Intelligence artificielle et boîtes noires : quels enjeux pour la gestion d’actifs ?

Créé le

30.08.2018

-

Mis à jour le

14.09.2018

Une gestion déshumanisée et entretenue grâce à l'intelligence artificielle peut-elle s'imposer face à une gestion de convictions, qui constitue l'essence de l'industrie de gestion d'actifs ? Grâce à un panel d'experts représentant l'une et l'autre de ces deux visions, la conférence a mis en débat cette opposition inévitable à venir.

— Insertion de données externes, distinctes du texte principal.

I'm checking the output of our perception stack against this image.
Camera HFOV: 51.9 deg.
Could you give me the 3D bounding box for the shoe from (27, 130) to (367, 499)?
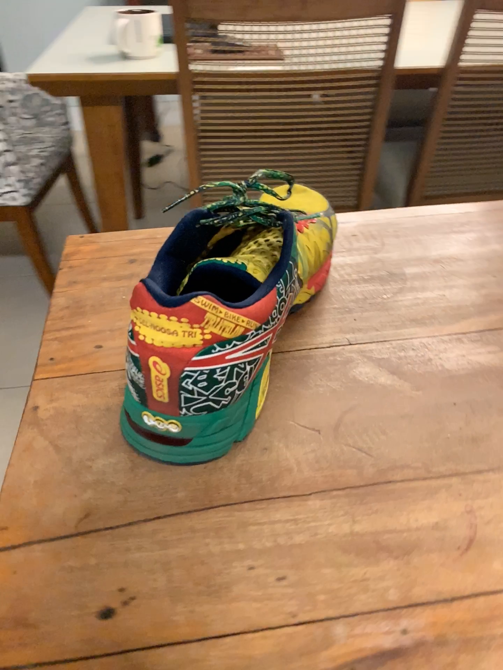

L’intelligence artificielle, communément appelée « IA », est un concept aujourd’hui absolument incontournable. Les récentes avancées technologiques ainsi que la fascination générale de la société placent l’IA au cœur des débats sur l’évolution proche de nos sociétés et des secteurs d’activité. C’est du point de vue de l’asset management que cette conférence s’est située afin d’étudier les enjeux et usages, actuels et à venir, de cette technologie. Les enjeux principaux auxquels toutes les économies devront faire face concernent la façon dont on peut en tirer profit, mais également les moyens permettant de ne pas se faire devancer par d’autres acteurs utilisant cette technologie.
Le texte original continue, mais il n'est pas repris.